Streaming databases (like RisingWave, ksqlDB) and real-time OLAP databases (like ClickHouse, Apache Pinot, Apache Druid) serve different primary use cases:| Aspect | Streaming Database (RisingWave) | Real-time OLAP Database (ClickHouse, Pinot) |
|---|---|---|
| Primary use case | Monitoring, alerting, real-time dashboards, streaming ETL | Interactive reporting, ad-hoc analytical queries |
| Strength | Pre-defined streaming queries (materialized views) | Ad-hoc analytical queries on stored data |
| Data freshness | Sub-second (incrementally updated) | Near real-time (micro-batch ingestion) |
| Storage format | Row-based (optimized for point queries and state) | Columnar (optimized for full table scans) |
| Query model | Both streaming (pre-defined) and batch (ad-hoc) | Batch (ad-hoc) with materialized views as supplemental feature |

How do materialized views in RisingWave differ from those in OLAP databases?

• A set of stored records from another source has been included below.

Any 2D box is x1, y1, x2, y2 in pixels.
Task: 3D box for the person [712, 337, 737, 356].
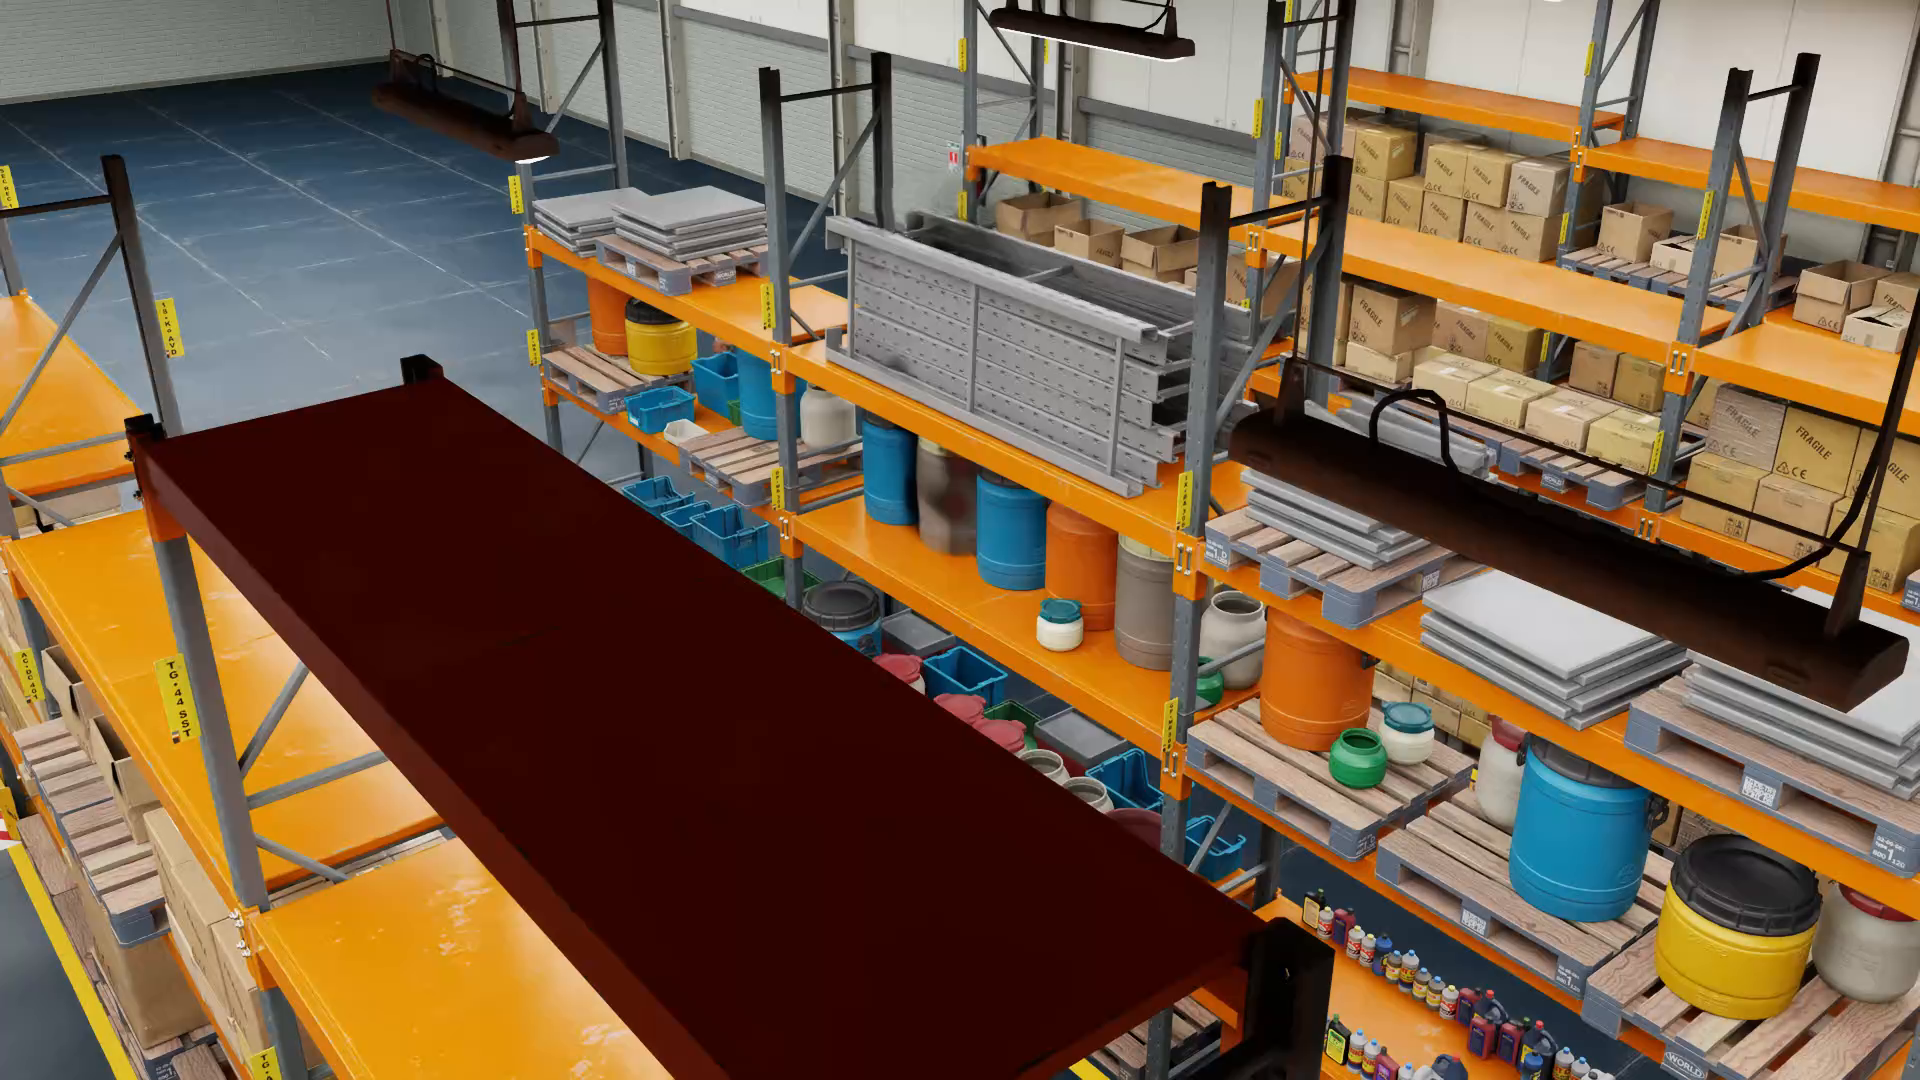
[{"bbox_3d":[-2.736,-1.564,19.545,0.779,1.783,0.638,-7,27,-15],"label":"person"}]
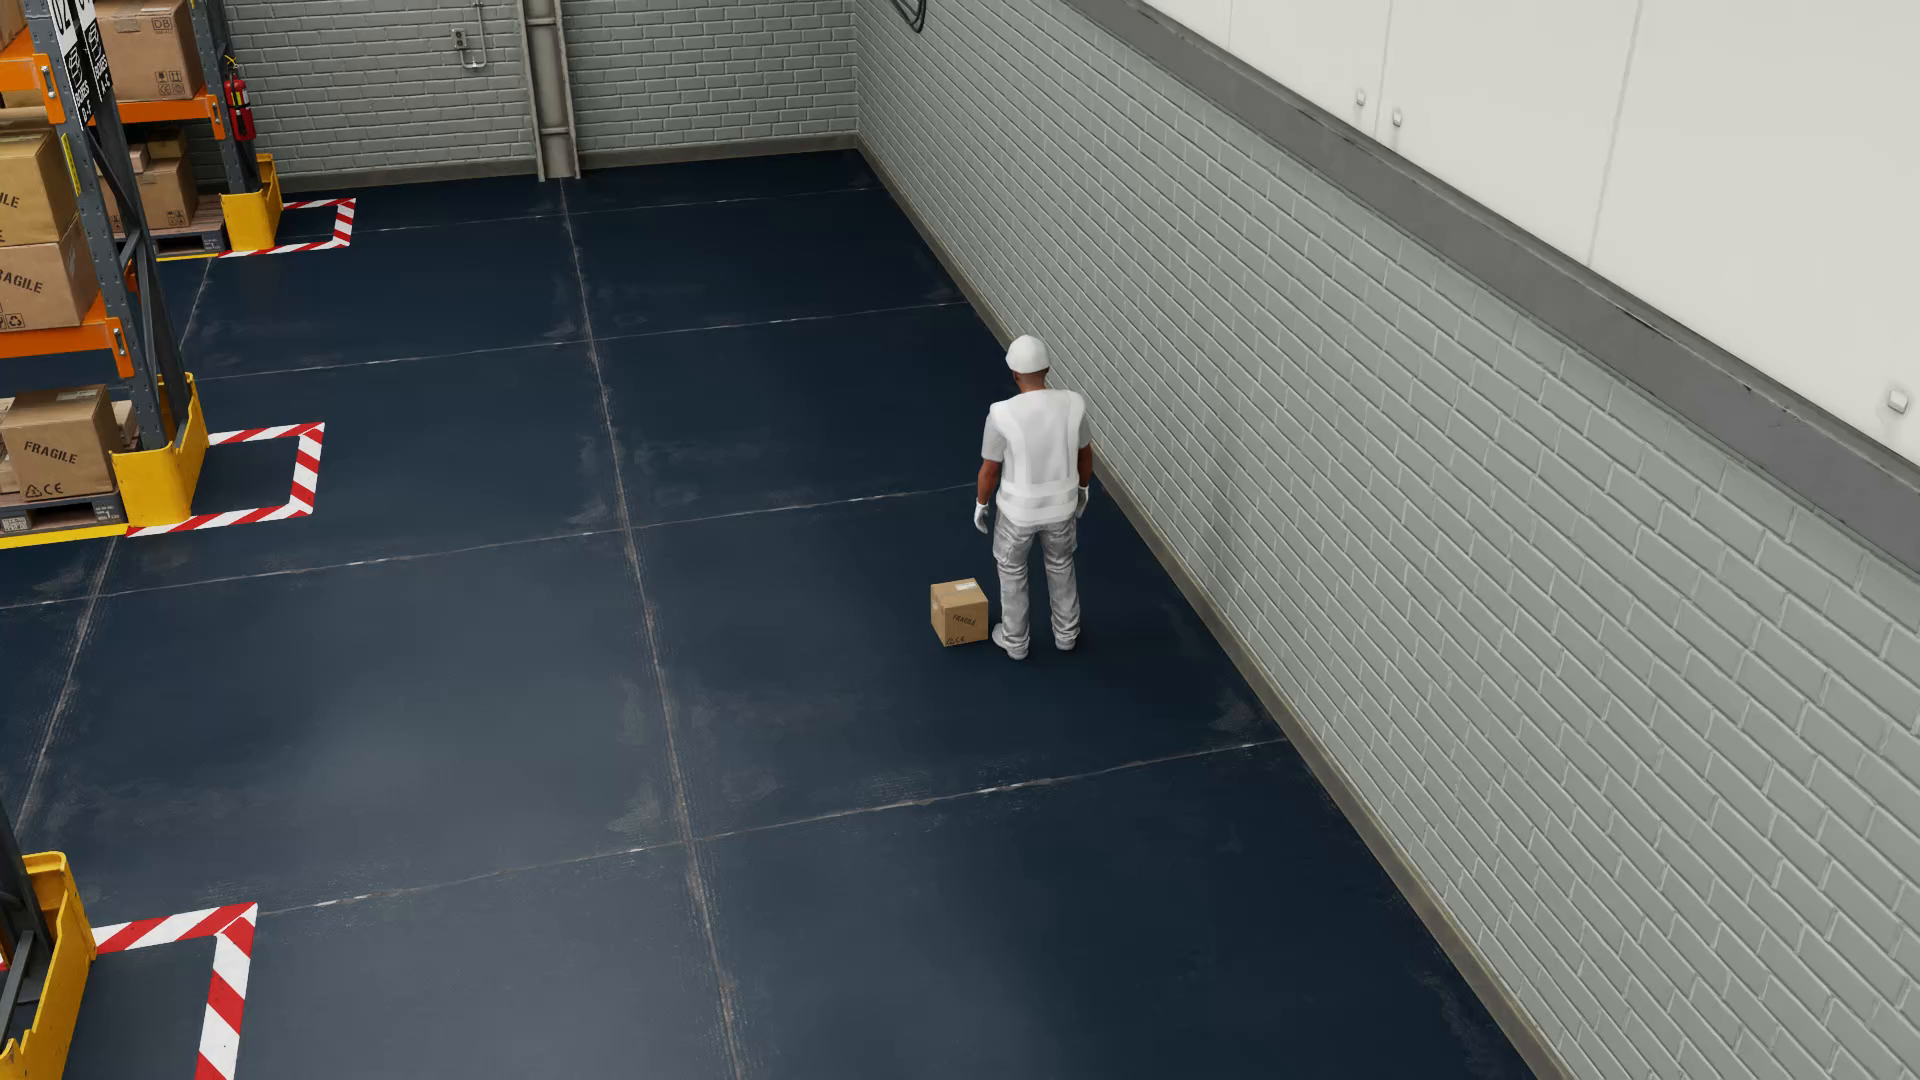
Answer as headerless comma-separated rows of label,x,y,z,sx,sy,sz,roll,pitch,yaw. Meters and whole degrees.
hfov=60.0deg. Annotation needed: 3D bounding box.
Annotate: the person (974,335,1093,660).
person,0.380,-0.203,8.581,0.633,1.775,0.449,-9,31,-15
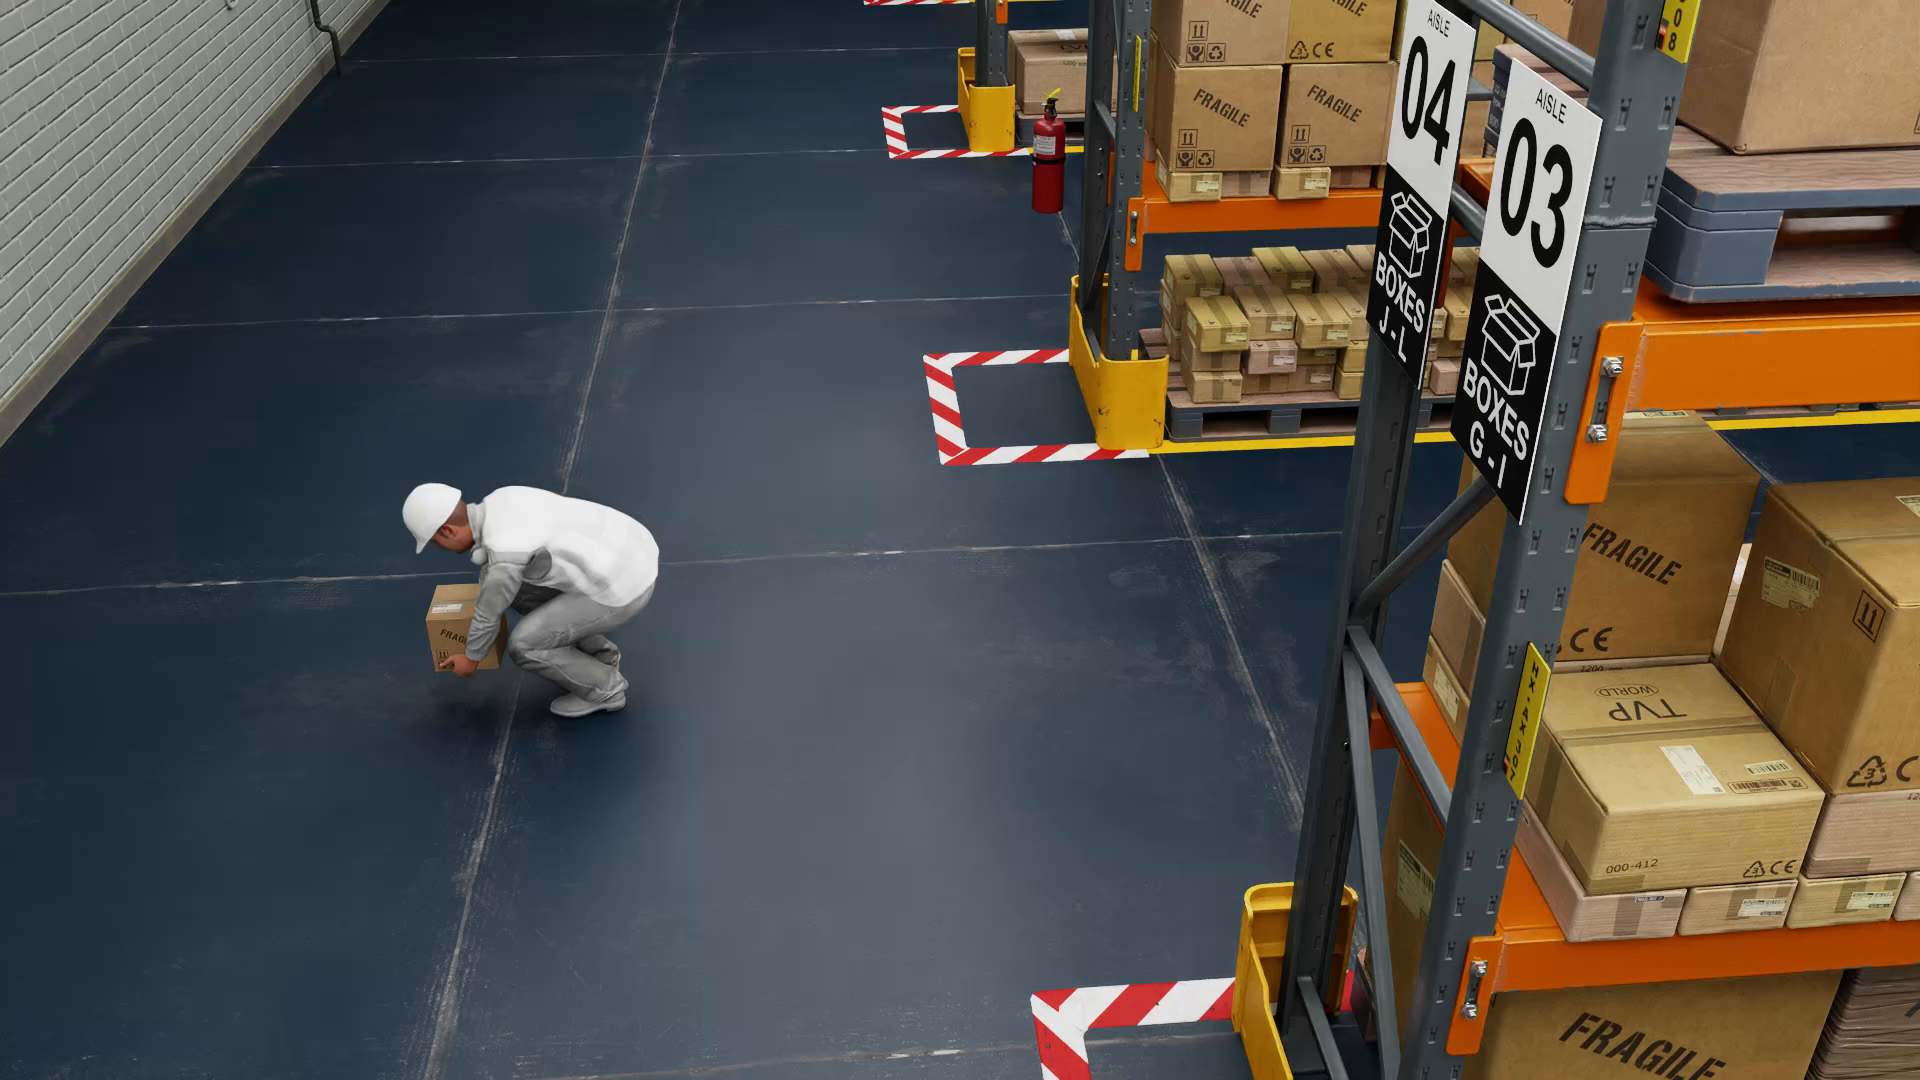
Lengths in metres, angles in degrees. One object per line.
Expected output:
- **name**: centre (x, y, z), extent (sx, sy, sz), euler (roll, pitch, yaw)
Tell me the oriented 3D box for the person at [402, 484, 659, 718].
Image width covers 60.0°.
- **person**: centre (-1.645, 0.192, 6.543), extent (0.920, 1.005, 0.500), euler (-4, 31, -6)
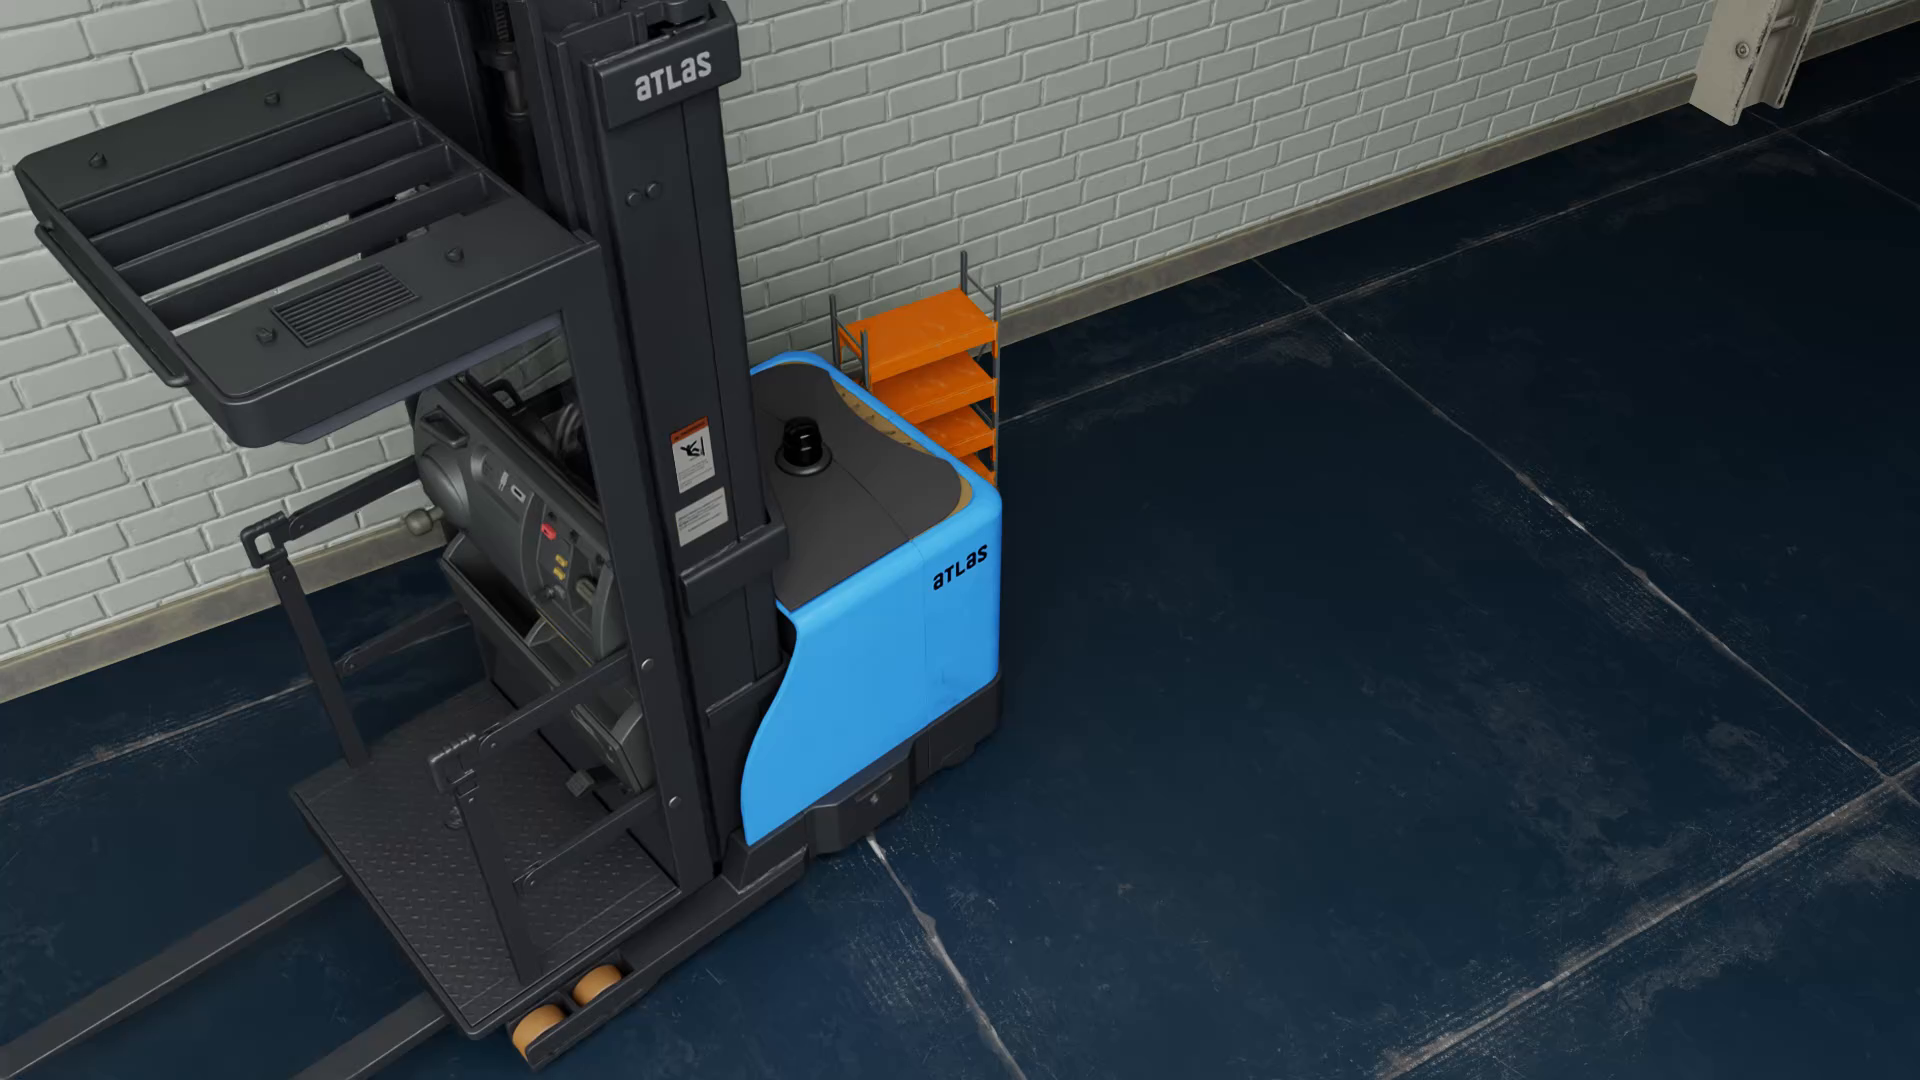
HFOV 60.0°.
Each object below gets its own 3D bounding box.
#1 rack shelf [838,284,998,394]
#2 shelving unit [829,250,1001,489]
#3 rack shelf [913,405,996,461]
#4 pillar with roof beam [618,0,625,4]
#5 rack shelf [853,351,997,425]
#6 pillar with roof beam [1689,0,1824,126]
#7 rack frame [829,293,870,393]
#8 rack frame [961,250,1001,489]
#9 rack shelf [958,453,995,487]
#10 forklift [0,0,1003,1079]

Materialized views in RisingWave are fundamentally different from those in OLAP databases like ClickHouse or Apache Druid:| Characteristic | RisingWave | OLAP Databases |
|---|---|---|
| Update mechanism | Synchronous, incremental (updated in real time as data arrives) | Best-effort, periodic refresh |
| Consistency | Strongly consistent across cascading materialized views | Eventually consistent or manual refresh |
| Recovery | Persisted with frequent checkpoints; recovers within seconds | Depends on implementation |
| Concurrency | Supports high-concurrency ad-hoc queries via dedicated serving nodes | Varies |
| Stream processing semantics | Full support for time windows, watermarks, and event-time processing | Limited or no support |
| Cascading | Native support for multi-layer materialized view pipelines | Not supported |
- Real-time: Updated synchronously as upstream data changes — no manual refresh needed.
- Consistent: Correct results across multiple cascading materialized views.
- Highly available: Persisted to object storage with frequent checkpoints for fast failure recovery.
- Resource isolation: Streaming computation and ad-hoc queries can run on separate node groups to avoid interference.